The Marine Corps is testing a mobile 3D printing lab for fabrication of spare parts in the field.

Marine Corp Systems Command and the 2nd Maintenance Battalion at Camp Lejeune are overseeing the field evaluation of a prototype X-FAB, or expeditionary fabrication, for future development.

The X-FAB is a collapsible 20x20-feet shelter that houses four 3D printers, design software computer systems and a scanner. It would allow for the rapid fabrication of parts at the battalion level using additive manufacturing.

It weighs over 5 tons, requires several hours to set up with a team of four and can be transported by flatbed truck. It runs on either generator or landline power.

"We don't know where the technology will take us, but this is a great opportunity to find out what Marines think about it and explore the viability of additive manufacturing for the C7912 Shop Equipment, Machine Shop," program manager Ed Howell said in a press release.

The X-FAB would act as an addition to the C7912 mobile machine shop, which is equipped with traditional lathes, milling machines and other equipment for fabrication and repairs.

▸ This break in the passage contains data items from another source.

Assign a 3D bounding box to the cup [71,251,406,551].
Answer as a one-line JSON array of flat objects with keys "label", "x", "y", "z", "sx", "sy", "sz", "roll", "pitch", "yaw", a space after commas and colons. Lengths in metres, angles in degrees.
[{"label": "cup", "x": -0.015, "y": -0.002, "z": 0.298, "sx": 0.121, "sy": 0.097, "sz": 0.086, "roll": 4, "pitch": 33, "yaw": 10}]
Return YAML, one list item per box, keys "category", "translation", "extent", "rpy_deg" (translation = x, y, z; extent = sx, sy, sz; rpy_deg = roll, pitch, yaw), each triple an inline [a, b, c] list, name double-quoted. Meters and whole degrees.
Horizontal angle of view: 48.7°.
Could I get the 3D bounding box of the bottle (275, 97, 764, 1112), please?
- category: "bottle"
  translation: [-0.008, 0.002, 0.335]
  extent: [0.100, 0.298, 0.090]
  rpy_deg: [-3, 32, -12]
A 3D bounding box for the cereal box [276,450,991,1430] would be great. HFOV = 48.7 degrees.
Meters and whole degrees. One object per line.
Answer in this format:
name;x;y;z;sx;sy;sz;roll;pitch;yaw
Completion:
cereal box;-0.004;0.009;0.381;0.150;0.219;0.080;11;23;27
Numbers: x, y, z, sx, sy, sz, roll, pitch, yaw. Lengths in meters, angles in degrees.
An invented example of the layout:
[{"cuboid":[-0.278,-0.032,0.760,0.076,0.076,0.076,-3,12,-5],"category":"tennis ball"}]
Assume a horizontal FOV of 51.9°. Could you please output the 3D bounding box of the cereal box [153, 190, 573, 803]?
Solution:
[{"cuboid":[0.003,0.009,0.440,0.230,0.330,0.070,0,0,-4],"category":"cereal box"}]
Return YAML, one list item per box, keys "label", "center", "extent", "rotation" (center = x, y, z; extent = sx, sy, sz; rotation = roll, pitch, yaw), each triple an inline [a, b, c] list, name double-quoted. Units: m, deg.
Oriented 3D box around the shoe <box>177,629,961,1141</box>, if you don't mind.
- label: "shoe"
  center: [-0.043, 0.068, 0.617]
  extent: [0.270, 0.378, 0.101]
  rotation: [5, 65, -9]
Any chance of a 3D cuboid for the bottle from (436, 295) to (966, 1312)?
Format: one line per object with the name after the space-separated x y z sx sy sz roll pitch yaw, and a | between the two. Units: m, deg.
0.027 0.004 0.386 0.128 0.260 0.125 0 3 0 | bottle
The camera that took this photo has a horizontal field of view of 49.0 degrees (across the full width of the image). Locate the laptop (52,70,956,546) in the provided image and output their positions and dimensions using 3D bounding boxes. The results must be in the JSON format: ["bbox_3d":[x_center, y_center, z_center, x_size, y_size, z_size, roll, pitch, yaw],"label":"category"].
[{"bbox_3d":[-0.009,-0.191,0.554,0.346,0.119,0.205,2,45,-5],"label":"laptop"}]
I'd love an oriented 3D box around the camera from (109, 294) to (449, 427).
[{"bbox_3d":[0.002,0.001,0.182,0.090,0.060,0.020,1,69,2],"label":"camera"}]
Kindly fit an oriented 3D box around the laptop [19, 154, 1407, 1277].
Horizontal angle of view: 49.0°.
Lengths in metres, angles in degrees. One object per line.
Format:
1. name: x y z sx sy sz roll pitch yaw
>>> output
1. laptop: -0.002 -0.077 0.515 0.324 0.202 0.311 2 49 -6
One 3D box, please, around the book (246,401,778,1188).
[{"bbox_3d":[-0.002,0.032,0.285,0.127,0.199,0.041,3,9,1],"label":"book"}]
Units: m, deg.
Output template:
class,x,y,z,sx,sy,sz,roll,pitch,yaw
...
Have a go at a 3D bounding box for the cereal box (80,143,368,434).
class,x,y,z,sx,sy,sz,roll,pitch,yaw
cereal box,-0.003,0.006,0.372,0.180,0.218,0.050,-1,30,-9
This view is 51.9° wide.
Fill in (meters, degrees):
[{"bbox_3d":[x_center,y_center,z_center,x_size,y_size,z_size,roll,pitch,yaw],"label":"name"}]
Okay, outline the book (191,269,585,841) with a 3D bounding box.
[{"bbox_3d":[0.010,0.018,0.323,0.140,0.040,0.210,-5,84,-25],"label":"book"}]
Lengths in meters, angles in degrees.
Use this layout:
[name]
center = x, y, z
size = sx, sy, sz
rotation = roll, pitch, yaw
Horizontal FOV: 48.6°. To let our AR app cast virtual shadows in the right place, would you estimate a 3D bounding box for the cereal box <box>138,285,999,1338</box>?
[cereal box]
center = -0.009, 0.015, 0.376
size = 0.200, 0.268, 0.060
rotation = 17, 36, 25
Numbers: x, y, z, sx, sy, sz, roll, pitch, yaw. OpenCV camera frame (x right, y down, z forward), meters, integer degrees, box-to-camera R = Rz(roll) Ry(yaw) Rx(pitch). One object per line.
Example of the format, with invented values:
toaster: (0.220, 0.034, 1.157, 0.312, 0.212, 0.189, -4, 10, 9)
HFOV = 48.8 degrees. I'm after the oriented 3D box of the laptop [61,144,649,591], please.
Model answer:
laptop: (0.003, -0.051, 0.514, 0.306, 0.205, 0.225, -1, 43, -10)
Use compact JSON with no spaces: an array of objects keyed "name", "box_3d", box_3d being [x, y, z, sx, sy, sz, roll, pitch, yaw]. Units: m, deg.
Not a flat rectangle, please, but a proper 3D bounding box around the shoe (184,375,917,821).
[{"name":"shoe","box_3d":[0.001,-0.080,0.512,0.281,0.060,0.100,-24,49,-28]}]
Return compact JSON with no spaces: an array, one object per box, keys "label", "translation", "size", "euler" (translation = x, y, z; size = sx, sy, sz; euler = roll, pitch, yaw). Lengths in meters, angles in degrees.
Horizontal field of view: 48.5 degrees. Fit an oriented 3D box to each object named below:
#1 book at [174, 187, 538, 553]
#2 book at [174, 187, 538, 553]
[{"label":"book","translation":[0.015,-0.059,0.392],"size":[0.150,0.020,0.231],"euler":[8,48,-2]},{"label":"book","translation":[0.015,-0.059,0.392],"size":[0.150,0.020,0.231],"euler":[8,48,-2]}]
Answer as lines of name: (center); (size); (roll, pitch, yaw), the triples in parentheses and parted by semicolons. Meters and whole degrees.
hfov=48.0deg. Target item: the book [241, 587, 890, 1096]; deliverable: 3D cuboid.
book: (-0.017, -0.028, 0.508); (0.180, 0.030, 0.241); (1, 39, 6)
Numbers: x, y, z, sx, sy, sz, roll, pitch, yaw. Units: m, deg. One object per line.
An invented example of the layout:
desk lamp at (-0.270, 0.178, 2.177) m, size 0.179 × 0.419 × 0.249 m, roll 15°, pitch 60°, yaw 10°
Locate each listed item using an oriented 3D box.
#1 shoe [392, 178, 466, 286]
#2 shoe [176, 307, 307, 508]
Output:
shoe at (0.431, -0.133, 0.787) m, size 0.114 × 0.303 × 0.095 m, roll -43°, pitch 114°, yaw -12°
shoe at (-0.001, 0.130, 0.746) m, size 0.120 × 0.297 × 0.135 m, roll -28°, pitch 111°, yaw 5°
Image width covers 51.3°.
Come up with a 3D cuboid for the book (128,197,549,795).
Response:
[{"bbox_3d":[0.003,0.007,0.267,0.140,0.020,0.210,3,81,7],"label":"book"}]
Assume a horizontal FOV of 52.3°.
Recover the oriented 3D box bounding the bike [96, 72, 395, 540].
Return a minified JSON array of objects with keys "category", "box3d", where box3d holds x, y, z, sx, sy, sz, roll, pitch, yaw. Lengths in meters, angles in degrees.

2nd Maintenance Battalion Master Sgt. Carlos Lemus says one potential advantage of the X-FAB would be to reduce the large number of spare parts that need to be transported and ease logistics difficulties.

"We are looking to exploit this capability, because it has the potential to cut out the time it takes to order and receive parts; instead of waiting weeks or a month for a part, our machinists can get the part out by the end of the day," Lemus said.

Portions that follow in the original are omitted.